Групповой миф в организационной психологии - это явление двойственной природы, занимающее место как во внутренних коммуникациях организации, так и в области организационного обучения. Миф как коммуникационное явление в организации выполняет те же функции группового мифа, что и уже рассмотренные выше сакральные и политические мифы, однако здесь мы сосредотачиваемся не на объяснительной, а на коммуникативной функции. Построение общего коммуникативного пространства - один из главнейших путей для управления корпоративной культурой и организацией в целом. Это обязательное условие формирования целостной социокультурной среды, в которой каждый элемент и явление наделены коллективным конвенциональным значением на базе единых ценностносмысловых ориентации (Крымчанино-ва, 2003). Иными словами, все члены организации должны воспринимать реальность сходным образом, а для совместно работающей группы это условие приобретает огромное значение. И для его выполнения группа вырабатывает собственные мифы путем обмена мнениями (Дымщиц), причем этот процесс имеет когнитивную природу и не контролируем сознательно: «Функции восприятия четко связаны с процесса-
ми символизации и мышления. Одна из этих функций является результатом са-мовосприятия группы: описанные в мифах, сказках, идеологиях и утопиях, ее духовные установки определяют границы интерпретации реальности для совокупности группы» (Каэс, 2005, с. 102).

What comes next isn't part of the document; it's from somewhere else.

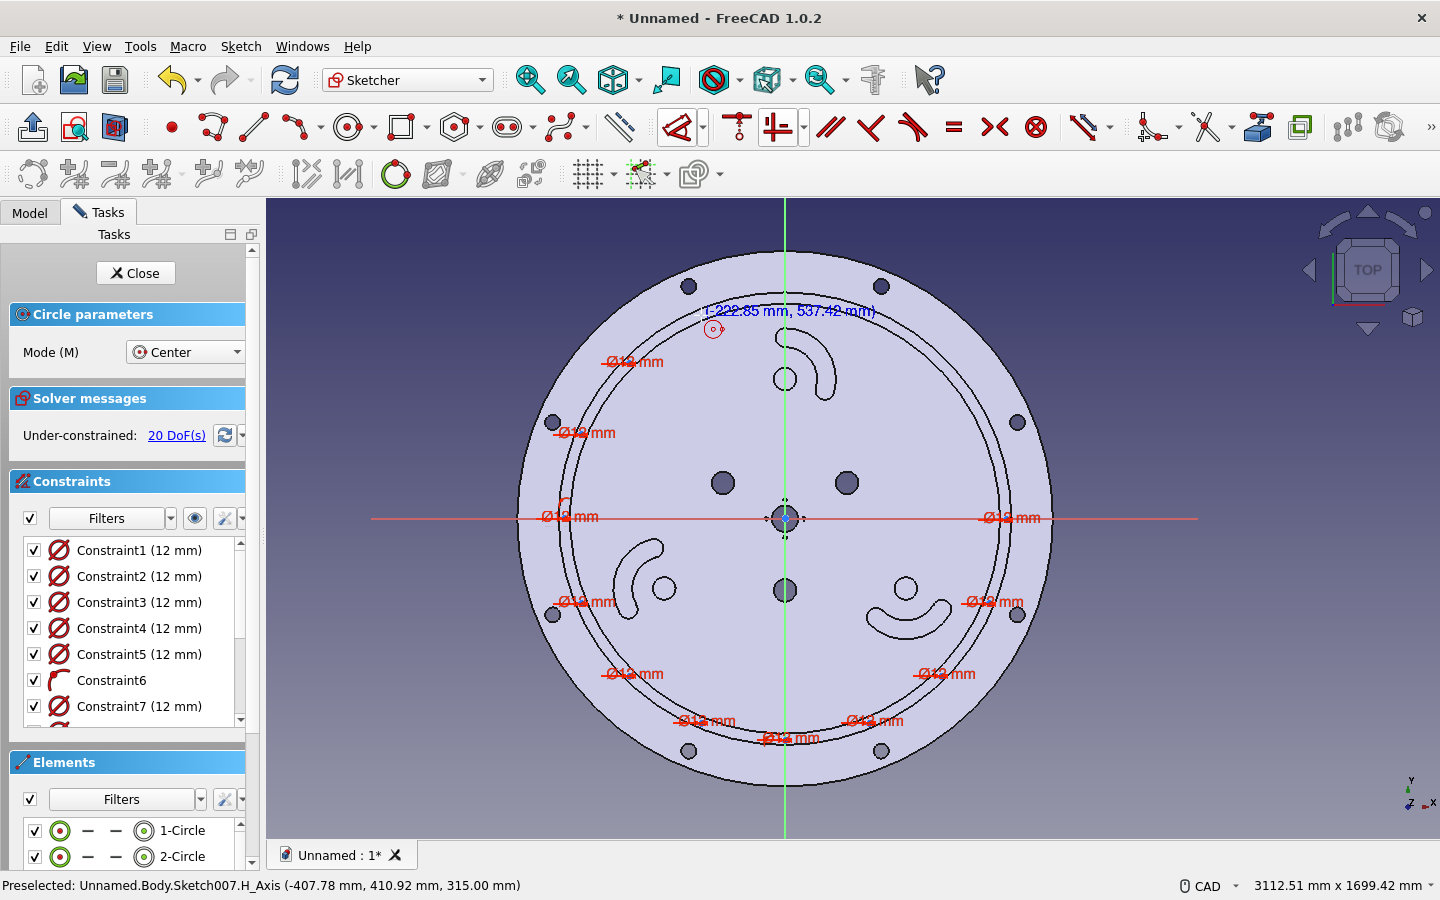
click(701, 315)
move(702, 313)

Эта коммуникативная функция прочно связана с объяснительной функцией организационного мифа - однако это объяснение уже не замещает отсутствие информации рассказом о неких магических силах, это объяснение выделяет важную информацию на фоне неважной, устанавливая фильтры восприятия и создавая единую картину мира с четким обоснованием ее правомерности: «Организационные мифы позволяют задать единые или, во всяком случае, похожие фильтры, члены организации воспринимают себя и среду через призму одних и тех же фильтров и поэтому хорошо понимают друг друга» (Иванов, Шустерман, 2004, с. 240). Помимо этого, организационные мифы, наряду с другими нарративными формами, объясняют рабочую жизнь членов группы (Alvesson, 1991; Boje et al., 1982; Hayward, 1987), проясняют ключевые ценности (Boje et al., 1982; Boje et al., 1999), инструктируют членов группы о способах действия (Gabriel, 1999). Немаловажно и то, что в организации миф способствует легитимизации не только отдельных действий, правил, норм, и т. д., но и в более широком контексте - легитимизации существования организации как целого (Agmon, 1991). Здесь обнаруживается содержательное пересечение организационного мифа с миссией организации. Но даже в отсутствие миссии миф становится посредником между орга-
низацией и ее внешним окружением (Gabriel, 1999).
Более того, по мнению некоторых исследователей, организации вовлечены в «церемонии обмена» (речь идет о символическом обмене, обмене смыслами) со своим окружением (Agmon, 1991). В этой ситуации организации должны создавать мифы, которые работают в обе стороны: проецируя миф на свое окружение (оправдывая свое существование и подтверждая свою эффективность) и создавая мифы об окружающей среде для внутренних целей. Наконец, замечено, что у организационной мифологии существует своя корневая система - т.е. мифология представляет собой комплекс более и менее прижившихся мифов, в основе которого, предположительно, стоит миф о создании (или иные глобальные мифы), и на их основе членами организации создаются «локальные» мифы, объясняющие различные стороны реальности (Agmon, 1991; Boyce, 1996).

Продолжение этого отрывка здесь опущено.